Christianity and Western Civilization Lesson 121 of 157

Secularism's Debt to Christianity

How Secular Culture Lives on Borrowed Capital

Modern secular culture prides itself on having outgrown Christianity. Human rights, equality, compassion for the vulnerable, the dignity of every person—these are presented as universal values that any reasonable person would embrace, with or without religion. But this narrative ignores a crucial historical fact: these "universal" values are not universal at all. They are distinctively Christian ideas that have been secularized, cut off from their roots while retaining their fruit. Secularism lives on borrowed capital, enjoying an inheritance it refuses to acknowledge.

The Myth of Universal Values

Walk into any modern human rights organization, secular university, or progressive activist meeting, and you'll hear confident appeals to human dignity, equality, and justice. These values are assumed to be self-evident—obvious to any rational person, requiring no religious foundation.

But they are not self-evident. They are not obvious.
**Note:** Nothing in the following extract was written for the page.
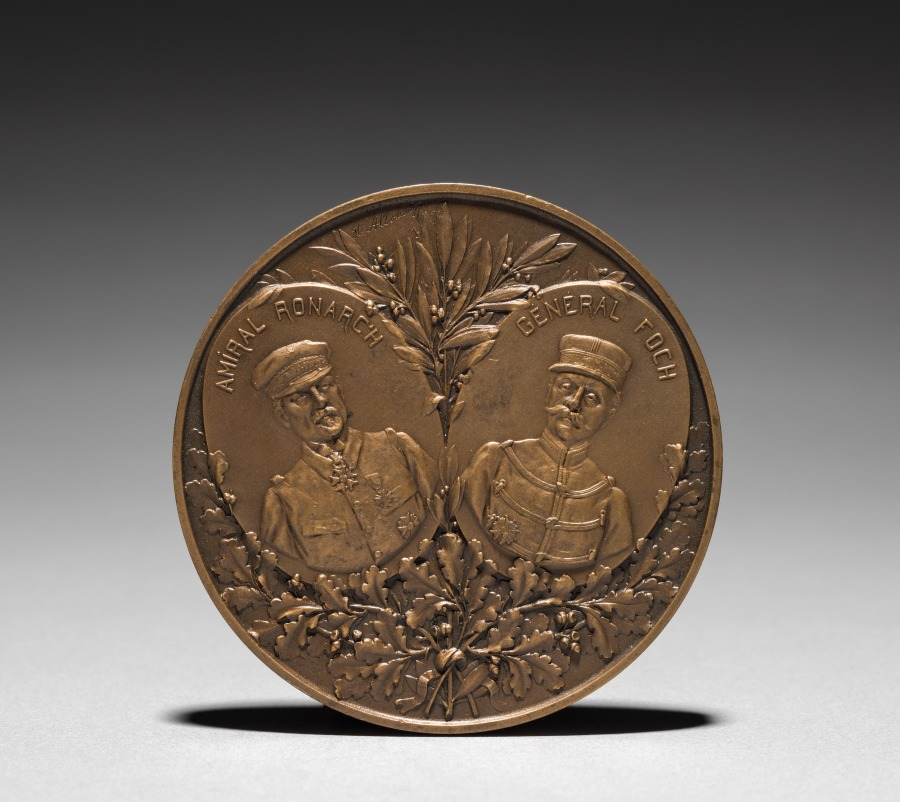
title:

And they are not universal.

A quick survey of human history and global cultures reveals something striking: the values we take for granted in the modern West are historically unusual. Most civilizations did not believe in universal human dignity. Most did not think the weak deserved protection. Most did not consider all people equal. These ideas came from somewhere specific—and that somewhere is Christianity.

A Thought Experiment

Imagine you could travel back in time to ancient Rome and explain modern human rights: that slaves have the same dignity as senators, that babies shouldn't be exposed to die, that the poor deserve care, that women are equal to men, that enemies should be loved. Your Roman audience would be baffled—not because they couldn't understand you but because your values would seem absurd, weak, and socially destructive. These values aren't "natural" or "obvious." They had to be introduced—and Christianity introduced them.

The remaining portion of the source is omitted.